Why Neon Auth with Better Auth?
-
Native Branching Support
Authentication branches automatically with your database. Each branch gets isolated users, sessions, and auth configuration—perfect for preview environments and testing.
-
Database as Source of Truth
Your Neon database is the single source of truth for authentication data. No webhooks, no sync delays, no external dependencies. Query users directly with SQL.
-
Simplified Configuration
One environment variable instead of four. Easier setup, fewer moving parts.
-
Open-Source Foundation
Built on Better Auth, enabling faster development of new features and better community support.
Environment variables
Update your environment variables to use Better Auth's configuration.

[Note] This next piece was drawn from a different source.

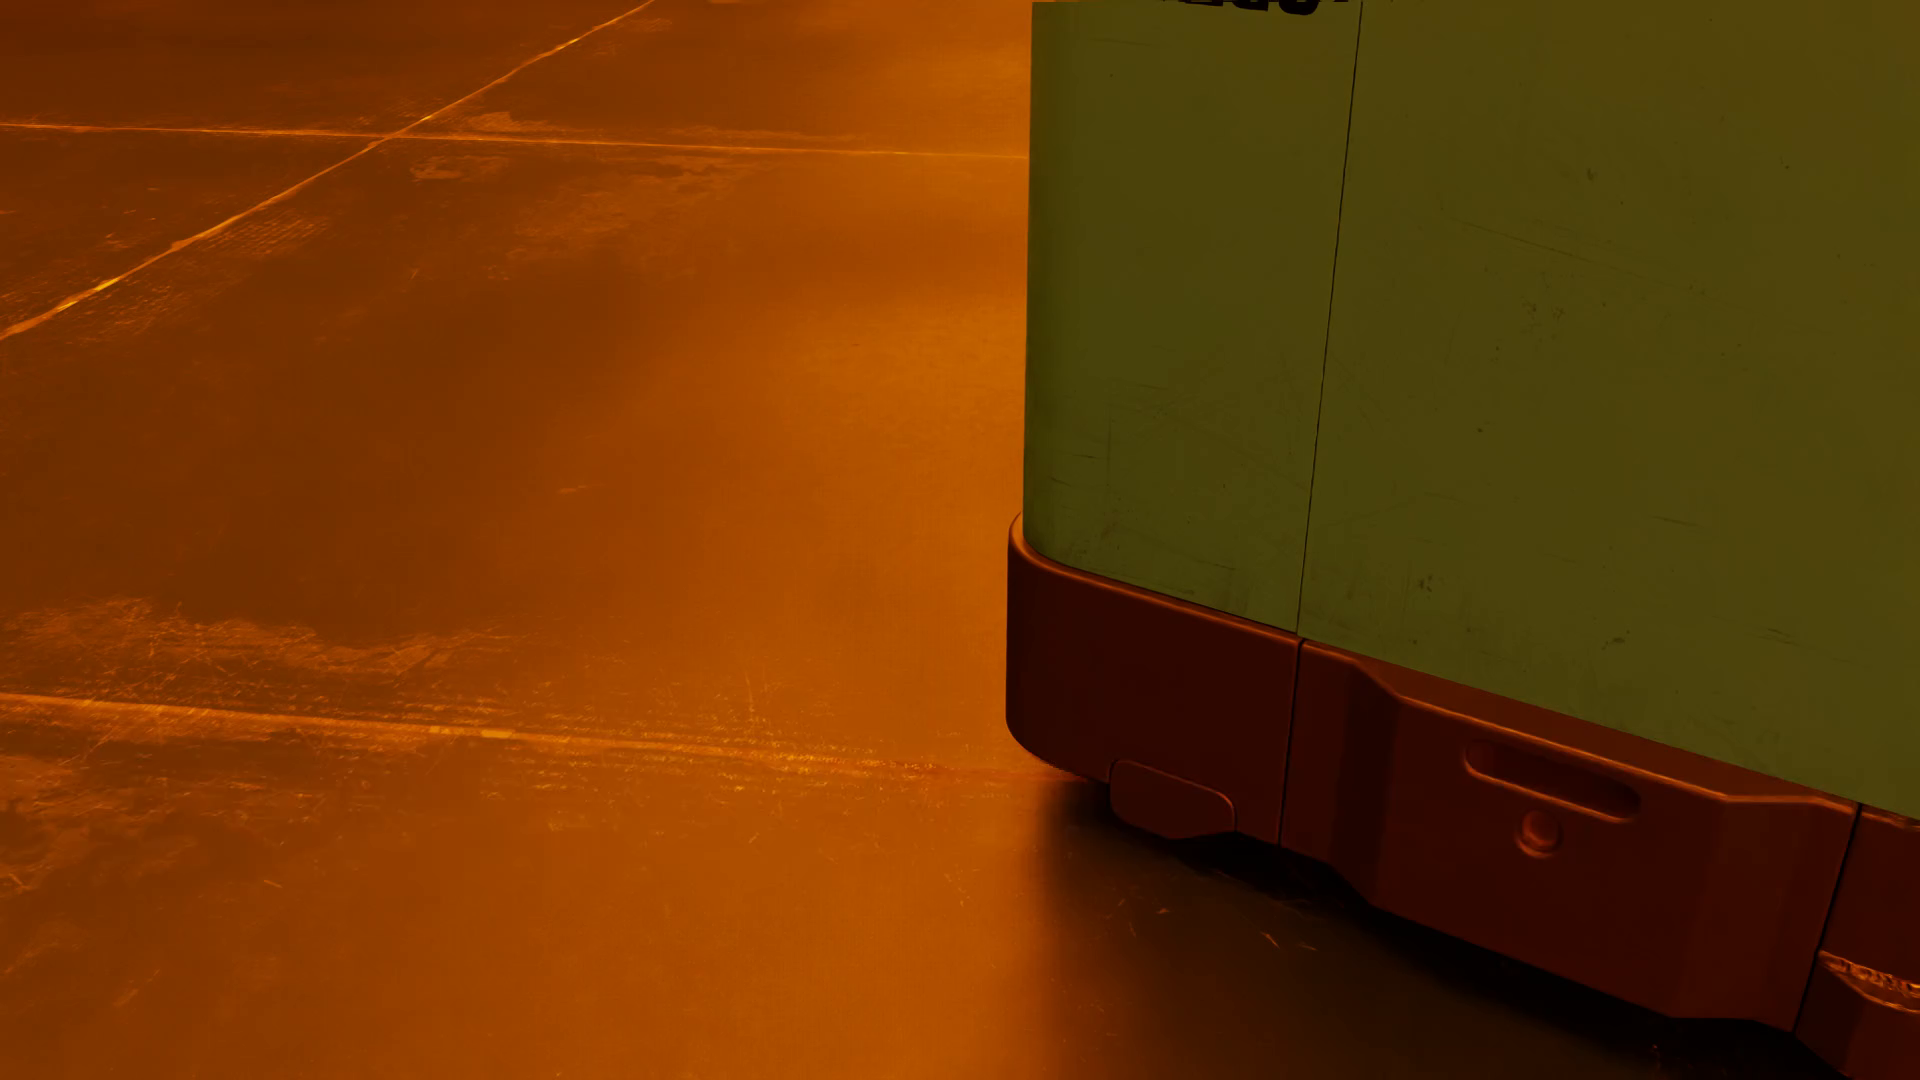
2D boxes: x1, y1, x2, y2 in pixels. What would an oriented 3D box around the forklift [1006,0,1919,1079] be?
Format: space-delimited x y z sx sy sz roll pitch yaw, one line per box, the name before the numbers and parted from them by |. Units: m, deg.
forklift | 1.562 -0.845 0.911 3.031 2.935 1.130 17 31 30

NEXT_PUBLIC_STACK_PROJECT_ID=your-project-id
NEXT_PUBLIC_STACK_PUBLISHABLE_CLIENT_KEY=your-client-key
STACK_SECRET_SERVER_KEY=your-server-secretNEON_AUTH_BASE_URL=https://ep-xxx.neonauth.us-east-2.aws.neon.build/neondb/auth
NEON_AUTH_COOKIE_SECRET=your-secret-at-least-32-characters-longnote
For React SPAs, use VITE_NEON_AUTH_URL instead. The NEON_AUTH_COOKIE_SECRET is only needed for Next.js (generate with openssl rand -base64 32).
You can find your Auth URL in the Neon Console under Auth → Configuration.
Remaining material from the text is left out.